News & Views item - September 2007

 

 

British Academy's Apologia for Peer Review. (September 4, 2007)

      The Guardian reports the British Academy, the UK's national academy for the humanities and social sciences, today issued a report in support of peer review with a quote of Joan Sieber, a psychologist at California State University: "One suspects that peer review is a bit like democracy - a bad system, but the best one possible."

 

According to Albert Weale, professor of government at the University of Essex and chair of the committee responsible for the report, peer review is "the essential backbone to knowledge and the crucial mechanism in maintaining its quality", while Robert Bennett, professor of geography at Cambridge University, says it is "an essential, if imperfect, practice for the humanities and social sciences".

 

And in defence of the system it responds to critics who claim peer review is biased against innovation and that journal editors "play safe" and are "friendly to their own work", the report points to universities and research councils who are increasingly awarding grants for risky, avant-garde research projects.

 

It also warns to be wary of false assumptions, i.e.: "It is important not to commit the fallacy of assuming that, because high quality will be innovative, that innovative is necessarily high quality ... other criteria include: accuracy, validity, replicability, reliability, substantively significant, authoritative and so on."

 

Marian Hobson, professor of French at Queen Mary, University of London, says: "If done properly, [peer review] entails bibliographical searches, checking of statements, repeated visits to the university library, not just to Google. Yet this kind of activity counts for nix, nothing, zilch in the research assessment exercise [in which every active researcher in every university in the UK is assessed by panels of other academics to receive grants for their research]."

 

In one suggestion the report recommends that the importance of peer reviewing should be better reflected in the research assessment exercise. "Those responsible for the management of universities and research institutes need to ensure that they ... encourage and reward peer review activity," it says.

 

It goes on: "As we conducted our review, we were struck ... by the extent to which there is little attention to training in peer review. Training is important, not just in itself, but because of the privileged position that peer reviewers enjoy.

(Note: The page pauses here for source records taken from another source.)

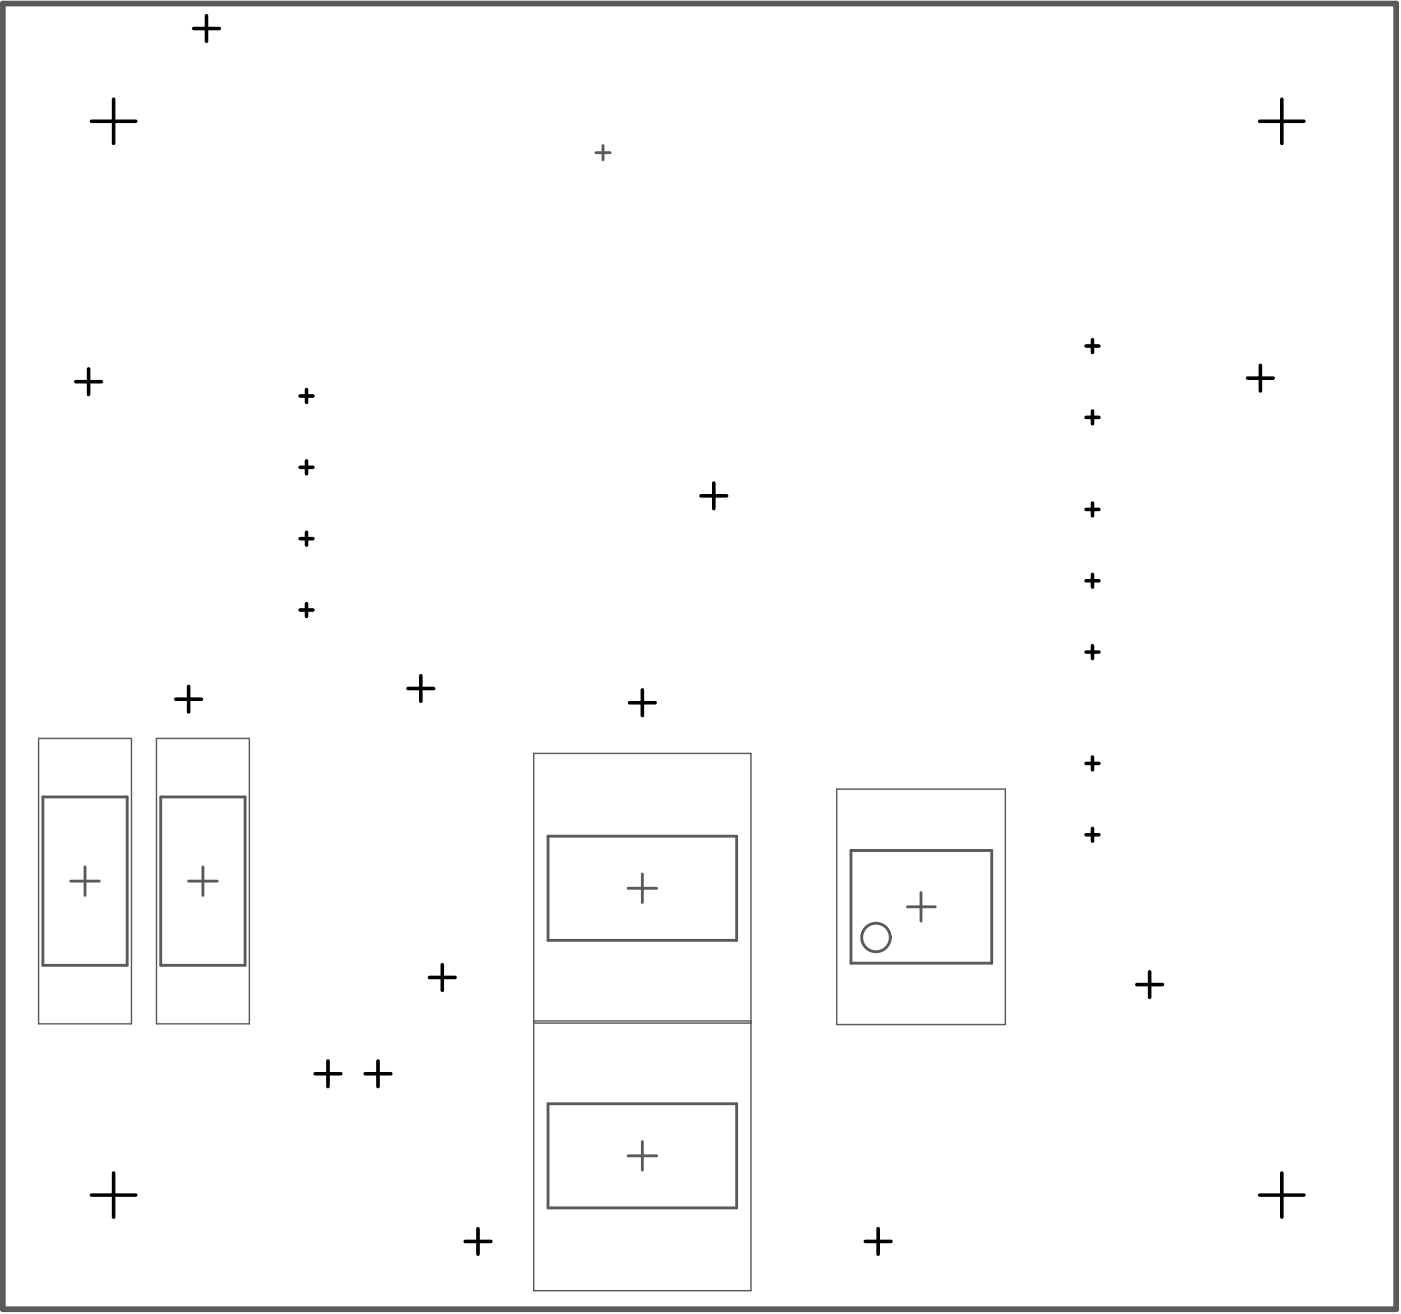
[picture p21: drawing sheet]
<svg xmlns="http://www.w3.org/2000/svg" width="166mm" height="156mm" viewBox="0 0 166 156" stroke-linecap="round" stroke-linejoin="round" font-family="sans-serif">
<g fill="none" stroke="#5a5a5a" stroke-width=".34">
<path d="M70.5 18.1h1.7M71.4 17.2v1.7M5.1 94.4h10v19.9h-10zM19 94.4h10v19.9h-10zM64.9 99h22.3v12.3h-22.3zM8.4 104.3h3.4M10.1 102.6v3.4M22.3 104.3h3.4M24 102.6v3.4M74.3 105.2h3.4M76 103.5v3.4M100.7 100.7h16.7v13.3h-16.7z"/>
<path d="M107.4 107.4h3.3M109 105.7v3.4M64.9 130.7h22.3v12.3h-22.3zM74.3 136.8h3.4M76 135.2v3.3"/>
<circle cx="103.7" cy="111" r="1.69"/>
</g>
<path d="M4.6 87.4h11v33.8h-11zM18.5 87.4h11v33.8h-11zM63.2 89.2h25.7v63.6h-25.7zM99 93.4h20v27.9h-20zM63.2 121.1h25.7M63.2 120.9h25.7" fill="none" stroke="#5a5a5a" stroke-width=".17"/>
<path d="M.3 .4h164.9v154.6h-164.9z" fill="none" stroke="#5a5a5a" stroke-width=".68"/>
<g fill="none" stroke="#000" stroke-width=".42">
<path d="M10.8 14.4h5.3M13.4 11.7v5.3M22.9 3.4h3.1M24.4 1.9v3M149.1 14.4h5.2M151.7 11.7v5.3M9 45.2h3M10.5 43.7v3M35.5 55.3h1.5M35.5 46.9h1.5M36.3 46.1v1.5M36.3 54.6v1.5"/>
<path d="M83 58.7h3M84.5 57.2v3M128.5 41h1.6M128.5 49.4h1.6M129.3 40.2v1.5M129.3 48.7v1.5M129.3 59.6v1.5M147.6 44.8h3.1M149.2 43.3v3M35.5 63.8h1.5M35.5 72.2h1.5M36.3 63v1.5"/>
<path d="M36.3 71.5v1.5M49.8 80v3M128.5 77.2h1.6M128.5 60.3h1.6M128.5 68.8h1.6M129.3 68v1.5M129.3 76.4v1.6M20.8 82.8h3M22.3 81.3v3M48.3 81.5h3M74.5 83.2h3M76 81.7v3"/>
<path d="M128.5 90.4h1.6M128.5 98.8h1.6M129.3 89.6v1.5M129.3 98.1v1.5M50.8 115.7h3.1M52.3 114.2v3M134.5 116.6h3.1M136.1 115.1v3M13.4 138.9v5.2M37.3 127.1h3M38.8 125.6v3.1M43.2 127.1h3.1"/>
<path d="M44.7 125.6v3.1M151.7 138.9v5.2M10.8 141.5h5.3M55 147h3.1M56.6 145.5v3M102.4 147h3M103.9 145.5v3M149.1 141.5h5.2"/>
</g>
</svg>

"By virtue of reading a paper, reviewers can acquire access to original data sets, new empirical results or innovative conceptual work. In the business world, these would count as commercial secrets. In the academic world, the ethos is that reviewers are part of the gatekeeping system, the ultimate rationale of which is the fast and efficient dissemination of research findings.

"The integrity of the peer review system is therefore of great importance. One of the ways in which that integrity is maintained is through its dependence upon professional and unselfish motivations, and this in turn suggests the importance of training in the professional and ethical conventions of the practice."

 

The British Academy reports concludes with a warning to the government: plans to overhaul the way research is assessed after next year will change peer review for the worse, especially in the humanities.

 

And Marian Hobson says: "Metrics [which is expected to be the backbone of Britain's RAE after 2008] is helpful in giving a kind of overview measured in terms of items. A bit like a waistline measurement. It doesn't give much of an idea of whether they are slim or fat, unless they are at the extreme ends of the spectrum."